Cette dernière approche est parfaitement légitime à double titre :
- D’abord, on peut partir du principe que l’on ne peut éradiquer le stress de la vie, qu’il en est un élément constitutif, et qu’il vaut mieux savoir gérer au mieux les aléas qui y sont associés. Si de manière générale, la vie est stressante, comme l’ont montré dans les années 60 deux psychiatres américains (Holmes & Rahe), la vie professionnelle, de manière plus spécifique, faite de contraintes et de frustrations au moins autant que de plaisirs, risque de ne pas échapper à cette loi. Pour se préserver soi-même, autant apprendre à gérer au mieux ce stress s’il ne peut être évité.

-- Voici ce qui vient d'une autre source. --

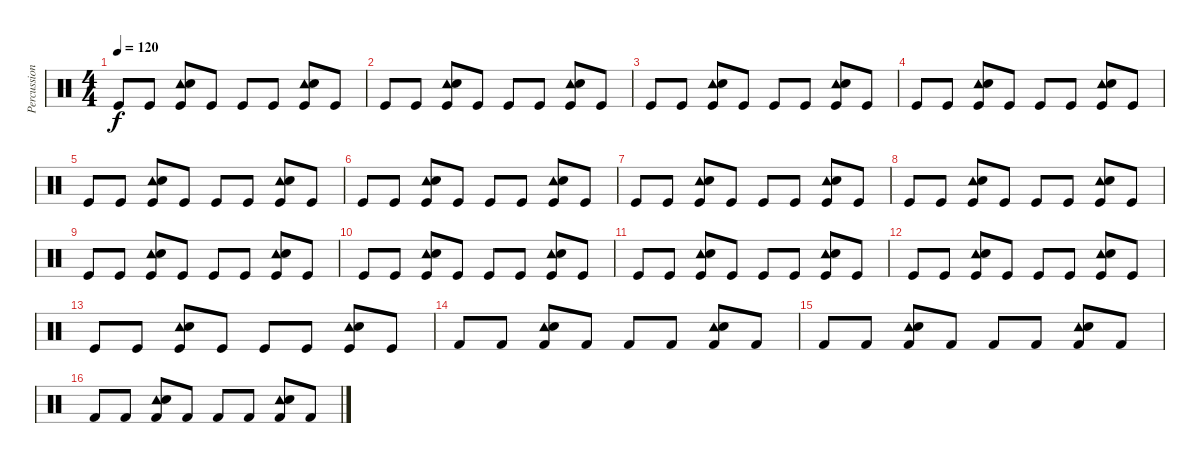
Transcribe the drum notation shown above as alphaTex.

\track ("Percussions" "Percussion") {instrument percussion}
\staff {score}
\articulation defaults
\ts (4 4)
\tempo 120
\clef neutral
\ks c "Kick (hit)".8{dy f} "Kick (hit)".8
("Kick (hit)" "Tambourine (hit)" "Snare (hit) 2").8 "Kick (hit)".8 "Kick (hit)".8 "Kick (hit)".8 ("Kick (hit)" "Tambourine (hit)" "Snare (hit) 2").8 "Kick (hit)".8 |
"Kick (hit)".8 "Kick (hit)".8 ("Kick (hit)" "Tambourine (hit)" "Snare (hit) 2").8 "Kick (hit)".8 "Kick (hit)".8 "Kick (hit)".8 ("Kick (hit)" "Tambourine (hit)" "Snare (hit) 2").8 "Kick (hit)".8 |
"Kick (hit)".8 "Kick (hit)".8 ("Kick (hit)" "Tambourine (hit)" "Snare (hit) 2").8 "Kick (hit)".8 "Kick (hit)".8 "Kick (hit)".8 ("Kick (hit)" "Tambourine (hit)" "Snare (hit) 2").8 "Kick (hit)".8 |
"Kick (hit)".8 "Kick (hit)".8 ("Kick (hit)" "Tambourine (hit)" "Snare (hit) 2").8 "Kick (hit)".8 "Kick (hit)".8 "Kick (hit)".8 ("Kick (hit)" "Tambourine (hit)" "Snare (hit) 2").8 "Kick (hit)".8 |
"Kick (hit)".8 "Kick (hit)".8 ("Kick (hit)" "Tambourine (hit)" "Snare (hit) 2").8 "Kick (hit)".8 "Kick (hit)".8 "Kick (hit)".8 ("Kick (hit)" "Tambourine (hit)" "Snare (hit) 2").8 "Kick (hit)".8 |
"Kick (hit)".8 "Kick (hit)".8 ("Kick (hit)" "Tambourine (hit)" "Snare (hit) 2").8 "Kick (hit)".8 "Kick (hit)".8 "Kick (hit)".8 ("Kick (hit)" "Tambourine (hit)" "Snare (hit) 2").8 "Kick (hit)".8 |
"Kick (hit)".8 "Kick (hit)".8 ("Kick (hit)" "Tambourine (hit)" "Snare (hit) 2").8 "Kick (hit)".8 "Kick (hit)".8 "Kick (hit)".8 ("Kick (hit)" "Tambourine (hit)" "Snare (hit) 2").8 "Kick (hit)".8 |
"Kick (hit)".8 "Kick (hit)".8 ("Kick (hit)" "Tambourine (hit)" "Snare (hit) 2").8 "Kick (hit)".8 "Kick (hit)".8 "Kick (hit)".8 ("Kick (hit)" "Tambourine (hit)" "Snare (hit) 2").8 "Kick (hit)".8 |
"Kick (hit)".8 "Kick (hit)".8 ("Kick (hit)" "Tambourine (hit)" "Snare (hit) 2").8 "Kick (hit)".8 "Kick (hit)".8 "Kick (hit)".8 ("Kick (hit)" "Tambourine (hit)" "Snare (hit) 2").8 "Kick (hit)".8 |
"Kick (hit)".8 "Kick (hit)".8 ("Kick (hit)" "Tambourine (hit)" "Snare (hit) 2").8 "Kick (hit)".8 "Kick (hit)".8 "Kick (hit)".8 ("Kick (hit)" "Tambourine (hit)" "Snare (hit) 2").8 "Kick (hit)".8 |
"Kick (hit)".8 "Kick (hit)".8 ("Kick (hit)" "Tambourine (hit)" "Snare (hit) 2").8 "Kick (hit)".8 "Kick (hit)".8 "Kick (hit)".8 ("Kick (hit)" "Tambourine (hit)" "Snare (hit) 2").8 "Kick (hit)".8 |
"Kick (hit)".8 "Kick (hit)".8 ("Kick (hit)" "Tambourine (hit)" "Snare (hit) 2").8 "Kick (hit)".8 "Kick (hit)".8 "Kick (hit)".8 ("Kick (hit)" "Tambourine (hit)" "Snare (hit) 2").8 "Kick (hit)".8 |
"Kick (hit)".8 "Kick (hit)".8 ("Kick (hit)" "Tambourine (hit)" "Snare (hit) 2").8 "Kick (hit)".8 "Kick (hit)".8 "Kick (hit)".8 ("Kick (hit)" "Tambourine (hit)" "Snare (hit) 2").8 "Kick (hit)".8 |
"Kick (hit) 2".8 "Kick (hit) 2".8 ("Kick (hit) 2" "Tambourine (hit)" "Snare (hit) 2").8 "Kick (hit) 2".8 "Kick (hit) 2".8 "Kick (hit) 2".8 ("Kick (hit) 2" "Tambourine (hit)" "Snare (hit) 2").8 "Kick (hit) 2".8 |
"Kick (hit) 2".8 "Kick (hit) 2".8 ("Kick (hit) 2" "Tambourine (hit)" "Snare (hit) 2").8 "Kick (hit) 2".8 "Kick (hit) 2".8 "Kick (hit) 2".8 ("Kick (hit) 2" "Tambourine (hit)" "Snare (hit) 2").8 "Kick (hit) 2".8 |
"Kick (hit) 2".8 "Kick (hit) 2".8 ("Kick (hit) 2" "Tambourine (hit)" "Snare (hit) 2").8 "Kick (hit) 2".8 "Kick (hit) 2".8 "Kick (hit) 2".8 ("Kick (hit) 2" "Tambourine (hit)" "Snare (hit) 2").8 "Kick (hit) 2".8

- Ensuite, il existe des stress inhérents à la tâche. Certains métiers, de par leur nature même, risquent de générer du stress. Un pompier, par exemple, ne cesse de travailler en situation d’urgence (facteur de stress), va être régulièrement confronté à un danger où il risque sa propre vie et ses celle de ses camarades (autre facteur de stress), va être confronté à la mort et à la souffrance humaine sur les lieux où il intervient (scène d’incendie, d’accident, de suicide, …). Ces facteurs de stress, inhérents au métier de pompier, ne peuvent être réduits. Il convient alors, pour l’employeur, d’en minimiser les effets négatifs.
Néanmoins la prévention secondaire présente également des limites:
- D’abord, la gestion du stress, faite de manière sérieuse, touche à des dimensions intimes de l’individu (affect, émotions, attitudes existentielles, relations à soi-même et aux autres, choix de vie, …) et risque d’impliquer une mise en cause de nos modes de fonctionnement habituels. Ce travail sur soi-même ne peut se faire que sur une base volontaire. Or, tous les individus ne sont pas désireux de travailler sur des dimensions aussi profondes. Et parfois, dans les organisations de travail, on remarque que ce sont précisément les personnes dont les collègues pensent qu’elles en auraient le plus besoin (les plus stressées ou les plus stressantes pour les autres) qui sont le moins enclines à s’y aventurer.
- Ensuite, les approches portant principalement sur le développement personnel ou l’apprentissage de la gestion du stress individuel risquent d’être un moyen pour l’entreprise de se décharger de toute responsabilité en reportant la problématique sur les qualités intrinsèques des individus et, donc, sur les salariés. La gestion du stress devient alors une affaire exclusivement individuelle, où l’entreprise intervient au mieux au titre de sponsor.
- La prévention primaire consiste à éviter l’apparition des situations à risque, en travaillant en amont à la réduction des facteurs de risque. Il s’agit de prévention au sens propre du terme puisque l’on intervient à la source avant même que la situation ne soit dégradée, pour prévenir cette dégradation. En matière de risques psychosociaux, la prévention primaire touche à l’organisation du travail, aux styles managériaux, aux modes de fonctionnement de l’entreprise et aux conditions de travail.
- On peut considérer que la prévention primaire est la plus efficiente en termes d’allocation optimale des ressources: mieux vaut arrêter de casser des jambes que de réparer sans cesse des jambes cassées ou d’apprendre aux individus à mieux gérer la douleur de la jambe cassée.
- Néanmoins, il ne faut pas se faire d’illusion. Le monde du travail ne sera jamais un monde parfait gouverné par les seuls bons sentiments . Si l’approche de prévention primaire permet de réduire nombre de facteurs de stress professionnels et permet une grande amélioration, parfois spectaculaire, de la qualité de vie au travail au sein des entreprises, elle ne va pas faire disparaître tous les problèmes par un coup de baguette magique. En particulier, elle a peu de prise sur les problématiques individuelles (personnelles) et relationnelles, les dernières pouvant être liées à des enjeux de pouvoir entre individus inhérents à toute organisation sociale. Et même les entreprises où il fait bon travailler ont tout intérêt à se prémunir à tous les niveaux, en intégrant la prévention secondaire et tertiaire dans un plan général de prévention organisé autour de la prévention primaire.